Investors greeted the Biden plan's effort to boost investment in bridges, ports and other infrastructure, while shrugging off a proposed hike in corporate taxes.
But some analysts warned the tax proposal could upset the market as the details become clearer.
"The issue now is that the administration apparently wants to pay for more of the programme with higher taxes instead of just borrowing, and that has a chance to eventually take a bite out of earnings," said market strategist JJ Kinahan at TD Ameritrade.
"It's way too soon to talk about the tax impact in too much detail, but analysts do say if corporate taxes rise, it's something to potentially worry about in 2022, not 2021," he added.
Elsewhere, world oil prices ended a choppy session lower as traders fretted about the outcome of Thursday's Opec oil output meeting.
Markets also digested a US private-sector employment report from payroll services firm ADP, which showed a boost in hiring last month, before Friday's key non-farm payrolls data that will provide a crucial health-check on the US economy.
London stocks shed 0.9 per cent as investors also tracked a badly received £7.6-billion (S$14 billion) flotation for UK app-driven food delivery service Deliveroo.

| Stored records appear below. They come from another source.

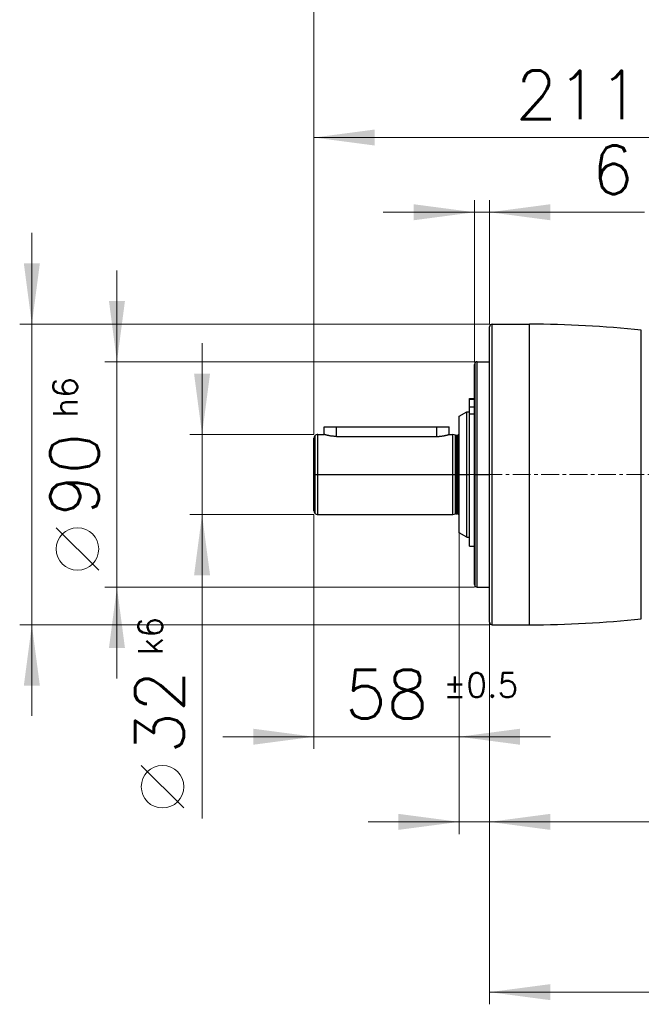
# Model space of a CAD drawing. Extents: x 0 to 1588, y 0 to 1123.
# Tile 29 of 35: x 456 to 704, y 491 to 884. Entities that reach past the tile are written whole.
import ezdxf
from ezdxf.enums import TextEntityAlignment as Align

# ---------------------------------------------------------------- set-up
doc = ezdxf.new("R2010")
doc.units = 0
doc.header["$LTSCALE"] = 18.91
doc.header["$MEASUREMENT"] = 0
doc.linetypes.add('CENTER', pattern=[0.6, 0.375, -0.075, 0.075, -0.075])
doc.layers.add('10000_FRONT', color=7, linetype='CONTINUOUS')
doc.layers.add('10100_FRONT_DIM', color=7, linetype='CONTINUOUS')
doc.styles.get("Standard").update_dxf_attribs({"font": 'txt.shx'})

msp = doc.modelspace()

# ---------------------------------------------------------------- linework, layer by layer
at = {"layer": '10000_FRONT', "color": 7, "linetype": 'CONTINUOUS', "lineweight": 25}
for p, q in [((643.228899, 643.440192), (643.228899, 761.440192)), ((644.228899, 762.440192), (659.228899, 762.440192)), ((644.228899, 642.440192), (644.228899, 762.440192)), ((659.228899, 642.440192), (659.228899, 762.440192)), ((703.861978, 644.818488), (703.861978, 760.061896)), ((637.551088, 657.762374), (637.551088, 747.11801)), ((638.328905, 747.440192), (643.228899, 747.440192)), ((638.328905, 657.440192), (638.328905, 747.440192)), ((637.228899, 658.54019), (637.228899, 746.340194)), ((635.228899, 732.814482), (637.228899, 732.814482)), ((635.228899, 673.840192), (635.228899, 732.814482)), ((635.228899, 732.494962), (637.228899, 732.494962)), ((631.128908, 725.708142), (634.128908, 727.440192)), ((634.128908, 727.440192), (635.228914, 727.440192)), ((634.128908, 677.440192), (634.128908, 727.440192)), ((635.228899, 729.515469), (637.228899, 729.515469)), ((631.128908, 679.172242), (631.128908, 725.708142)), ((635.228899, 726.720265), (637.228899, 726.720265)), ((577.128908, 721.440192), (627.128908, 721.440192)), ((577.128908, 718.440192), (577.128908, 721.440192)), ((582.128908, 717.638876), (582.128908, 721.440192)), ((622.128908, 717.638876), (622.128908, 721.440192)), ((627.128908, 718.440192), (627.128908, 721.440192)), ((573.128908, 687.940192), (573.128908, 716.940192)), ((573.568239, 686.879532), (573.568239, 718.000852)), ((574.628908, 718.440192), (577.128908, 718.440192)), ((574.628908, 686.440192), (574.628908, 718.440192)), ((577.134355, 718.438489), (577.128908, 718.440192)), ((577.150713, 718.433388), (577.134355, 718.438489)), ((577.177965, 718.424927), (577.150713, 718.433388)), ((577.216051, 718.413173), (577.177965, 718.424927)), ((577.264925, 718.398206), (577.216051, 718.413173)), ((577.324678, 718.380097), (577.264925, 718.398206)), ((577.395403, 718.358922), (577.324678, 718.380097)), ((577.477144, 718.33481), (577.395403, 718.358922)), ((577.56975, 718.307954), (577.477144, 718.33481)), ((577.673128, 718.27856), (577.56975, 718.307954)), ((577.787142, 718.246865), (577.673128, 718.27856)), ((577.911608, 718.213129), (577.787142, 718.246865)), ((578.046312, 718.177647), (577.911608, 718.213129)), ((578.190966, 718.140745), (578.046312, 718.177647)), ((578.345186, 718.102775), (578.190966, 718.140745)), ((578.508562, 718.064111), (578.345186, 718.102775)), ((578.68062, 718.025141), (578.508562, 718.064111)), ((578.860796, 717.98627), (578.68062, 718.025141)), ((579.048616, 717.947873), (578.860796, 717.98627)), ((579.243441, 717.910352), (579.048616, 717.947873)), ((579.444368, 717.874139), (579.243441, 717.910352)), ((579.650789, 717.839576), (579.444368, 717.874139)), ((579.861406, 717.807089), (579.650789, 717.839576)), ((580.076586, 717.776816), (579.861406, 717.807089)), ((580.296083, 717.748988), (580.076586, 717.776816)), ((580.518846, 717.723919), (580.296083, 717.748988)), ((580.744265, 717.701818), (580.518846, 717.723919)), ((580.971895, 717.682852), (580.744265, 717.701818)), ((581.201281, 717.667158), (580.971895, 717.682852)), ((581.432039, 717.654843), (581.201281, 717.667158)), ((581.66379, 717.645991), (581.432039, 717.654843)), ((581.896181, 717.640658), (581.66379, 717.645991)), ((582.128908, 717.638876), (581.896181, 717.640658)), ((582.128908, 717.638876), (622.128908, 717.638876)), ((622.128908, 717.638876), (622.368914, 717.640772)), ((622.368914, 717.640772), (622.609194, 717.646463)), ((622.609194, 717.646463), (622.848207, 717.655887)), ((622.848207, 717.655887), (623.084902, 717.668913)), ((623.084902, 717.668913), (623.320345, 717.685505)), ((623.320345, 717.685505), (623.555025, 717.705638)), ((623.555025, 717.705638), (623.787538, 717.729112)), ((623.787538, 717.729112), (624.016115, 717.755595)), ((624.016115, 717.755595), (624.240633, 717.784879)), ((624.240633, 717.784879), (624.461977, 717.816904)), ((624.461977, 717.816904), (624.678438, 717.851232)), ((624.678438, 717.851232), (624.88936, 717.887526)), ((624.88936, 717.887526), (625.094164, 717.925437)), ((625.094164, 717.925437), (625.29207, 717.964549)), ((625.29207, 717.964549), (625.48221, 718.004404)), ((625.48221, 718.004404), (625.663988, 718.044578)), ((625.663988, 718.044578), (625.836855, 718.084646)), ((625.836855, 718.084646), (626.000109, 718.12414)), ((626.000109, 718.12414), (626.153246, 718.16264)), ((626.153246, 718.16264), (626.296144, 718.199821)), ((626.296144, 718.199821), (626.428347, 718.235293)), ((626.428347, 718.235293), (626.549257, 718.268634)), ((626.549257, 718.268634), (626.658892, 718.299598)), ((626.658892, 718.299598), (626.757418, 718.328024)), ((626.757418, 718.328024), (626.844484, 718.353604)), ((626.844484, 718.353604), (626.919954, 718.376134)), ((626.919954, 718.376134), (626.983828, 718.395451)), ((626.983828, 718.395451), (627.036058, 718.411423)), ((627.036058, 718.411423), (627.076677, 718.42395)), ((627.076677, 718.42395), (627.105699, 718.432955)), ((627.105699, 718.432955), (627.123095, 718.43838)), ((627.123095, 718.43838), (627.128908, 718.440192)), ((627.128908, 718.440192), (628.628908, 718.440192)), ((629.646791, 718.167452), (628.628908, 718.440192)), ((628.628908, 686.440192), (628.628908, 718.440192)), ((629.646791, 686.712932), (629.646791, 718.167452)), ((629.749422, 686.733348), (629.749422, 718.147036)), ((629.853838, 718.140192), (630.328905, 718.140192)), ((629.853838, 686.740192), (629.853838, 718.140192)), ((630.328905, 686.740192), (630.328905, 718.140192)), ((630.894594, 686.505877), (630.894594, 718.374507)), ((573.128908, 702.440192), (573.568239, 702.440192)), ((573.568239, 702.440192), (574.628908, 702.440192)), ((574.628908, 702.440192), (628.628908, 702.440192)), ((628.628908, 702.440192), (629.646791, 702.440192)), ((629.646791, 702.440192), (629.749422, 702.440192)), ((629.749422, 702.440192), (629.853838, 702.440192)), ((629.853838, 702.440192), (630.328905, 702.440192)), ((630.328905, 702.440192), (630.894594, 702.440192)), ((630.894594, 702.440192), (631.128908, 702.440192)), ((631.128908, 702.440192), (634.128908, 702.440192)), ((634.128908, 702.440192), (635.228899, 702.440192)), ((637.228899, 702.440192), (637.551088, 702.440192)), ((637.551088, 702.440192), (638.328905, 702.440192)), ((638.328905, 702.440192), (643.228899, 702.440192)), ((574.628908, 686.440192), (628.628908, 686.440192)), ((628.628908, 686.440192), (629.646791, 686.712932)), ((629.853838, 686.740192), (630.328905, 686.740192)), ((634.128908, 677.440192), (631.128908, 679.172242)), ((634.128908, 677.440192), (635.228899, 677.440192)), ((635.228899, 673.840192), (637.228899, 673.840192)), ((638.328905, 657.440192), (643.228899, 657.440192)), ((644.228899, 642.440192), (659.228899, 642.440192))]:
    msp.add_line(p, q, dxfattribs=at)
at = {"layer": '10000_FRONT', "color": 7, "linetype": 'CENTER', "lineweight": 13}
msp.add_line((573.128902, 702.440192), (937.328902, 702.440192), dxfattribs=at)
at = {"layer": '10000_FRONT', "color": 7, "linetype": 'CONTINUOUS', "lineweight": 25}
for centre, radius, start, end in [((644.228902, 761.440192), 1, 90.000159, 180), ((659.228902, 342.440192), 420, 83.899703, 90), ((638.328902, 746.340192), 1.1, 89.999841, 179.999921), ((574.628902, 716.940192), 1.5, 89.999767, 180), ((629.853839, 718.940192), 0.8, 255.000506, 269.999905), ((630.328902, 718.940192), 0.8, 270.000219, 0), ((574.628902, 687.940192), 1.5, 180, 270.000233), ((629.853839, 685.940192), 0.8, 90.000095, 104.999494), ((630.328902, 685.940192), 0.8, 0, 89.999781), ((638.328902, 658.540192), 1.1, 180.000079, 270.000159), ((659.228902, 1062.440192), 420, 270, 276.100297), ((644.228902, 643.440192), 1, 180, 269.999841)]:
    msp.add_arc(centre, radius, start, end, dxfattribs=at)
at = {"layer": '10100_FRONT_DIM', "color": 7, "linetype": 'CONTINUOUS', "lineweight": 13}
for p, q in [((573.128902, 718.440192), (573.128902, 924.384192)), ((573.128902, 762.440192), (573.128902, 841.832192)), ((573.128902, 836.976192), (784.028902, 836.976192)), ((637.228902, 747.440192), (637.228902, 812.000192)), ((643.228902, 812.000192), (643.228902, 762.440192)), ((705.142902, 807.144192), (600.808902, 807.144192)), ((460.440902, 606.020192), (460.440902, 798.860192)), ((494.432902, 621.020192), (494.432902, 783.860192)), ((455.584902, 762.440192), (643.228902, 762.440192)), ((528.424902, 565.040192), (528.424902, 754.860192)), ((489.576902, 747.440192), (637.228902, 747.440192)), ((523.568902, 718.440192), (573.128902, 718.440192)), ((573.128902, 686.440192), (523.568902, 686.440192)), ((573.128902, 686.440192), (573.128902, 592.880192)), ((631.128902, 686.440192), (631.128902, 558.888192)), ((487.148902, 664.199192), (470.152902, 681.195192)), ((637.228902, 657.440192), (489.576902, 657.440192)), ((643.228902, 657.440192), (643.228902, 490.904192)), ((643.228902, 642.440192), (455.584902, 642.440192)), ((631.128902, 592.880192), (631.128902, 642.440192)), ((643.228902, 558.888192), (643.228902, 642.440192)), ((536.708902, 597.736192), (667.548902, 597.736192)), ((521.140902, 569.289192), (504.144902, 586.285192)), ((781.624902, 563.744192), (594.708902, 563.744192)), ((643.228902, 495.760192), (937.328902, 495.760192))]:
    msp.add_line(p, q, dxfattribs=at)
for centre in [(478.650902, 672.697192), (512.642902, 577.787192)]:
    msp.add_circle(centre, 8.498, dxfattribs=at)
for points in [[(597.408902, 840.172715), (573.128902, 836.976192), (597.408902, 833.779669), (573.128902, 836.976192)], [(612.948902, 803.947669), (637.228902, 807.144192), (612.948902, 810.340715), (637.228902, 807.144192)], [(667.508902, 810.340715), (643.228902, 807.144192), (667.508902, 803.947669), (643.228902, 807.144192)], [(457.244379, 786.720192), (460.440902, 762.440192), (463.637425, 786.720192), (460.440902, 762.440192)], [(491.236379, 771.720192), (494.432902, 747.440192), (497.629425, 771.720192), (494.432902, 747.440192)], [(525.228379, 742.720192), (528.424902, 718.440192), (531.621425, 742.720192), (528.424902, 718.440192)], [(531.621425, 662.160192), (528.424902, 686.440192), (525.228379, 662.160192), (528.424902, 686.440192)], [(497.629425, 633.160192), (494.432902, 657.440192), (491.236379, 633.160192), (494.432902, 657.440192)], [(463.637425, 618.160192), (460.440902, 642.440192), (457.244379, 618.160192), (460.440902, 642.440192)], [(548.848902, 594.539669), (573.128902, 597.736192), (548.848902, 600.932715), (573.128902, 597.736192)], [(655.408902, 600.932715), (631.128902, 597.736192), (655.408902, 594.539669), (631.128902, 597.736192)], [(606.848902, 560.547669), (631.128902, 563.744192), (606.848902, 566.940715), (631.128902, 563.744192)], [(667.508902, 566.940715), (643.228902, 563.744192), (667.508902, 560.547669), (643.228902, 563.744192)], [(667.508902, 498.956715), (643.228902, 495.760192), (667.508902, 492.563669), (643.228902, 495.760192)]]:
    msp.add_solid(points, dxfattribs=at)

# ---------------------------------------------------------------- texts
for s, p in [('211', (678.578902, 844.260192)), ('6', (692.395902, 814.428192)), ('58', (602.128902, 605.020192))]:
    msp.add_text(s, height=19.424, dxfattribs=at).set_placement(p, align=Align.CENTER)
for s, p in [('h6', (478.650902, 725.101525)), ('k6', (512.642902, 630.191525))]:
    msp.add_text(s, height=9.712, rotation=90, dxfattribs=at).set_placement(p)
for s, p in [('90', (487.148902, 702.440192)), ('32', (521.140902, 607.530192))]:
    msp.add_text(s, height=19.424, rotation=90, dxfattribs=at).set_placement(p, align=Align.CENTER)
msp.add_text('±0.5', height=9.712, dxfattribs=at).set_placement((624.790235, 613.518192))

doc.saveas('drawing.dxf')

Deliveroo, which has boomed on strong demand from locked-down consumers, saw the run-up to its initial public offering plagued by criticism of its business model that relies on using freelance labour.
"This lack of confidence in the business model has quickly been reflected in a disastrous first day of trading for the newly listed company, that saw the shares slide over 30 per cent in the first 15 minutes of trading, before trading was halted," said market analyst Michael Hewson at CMC Markets UK.
"If today's price action is any indication of investor enthusiasm on the likes of profitability, cash flow and growth prospects, as we head towards an economic reopening, then today's weakness could well be a warning sign," he added.
Elsewhere in Europe, Paris stocks shed 0.3 per cent and Frankfurt rallied at the end of the day to finish flat.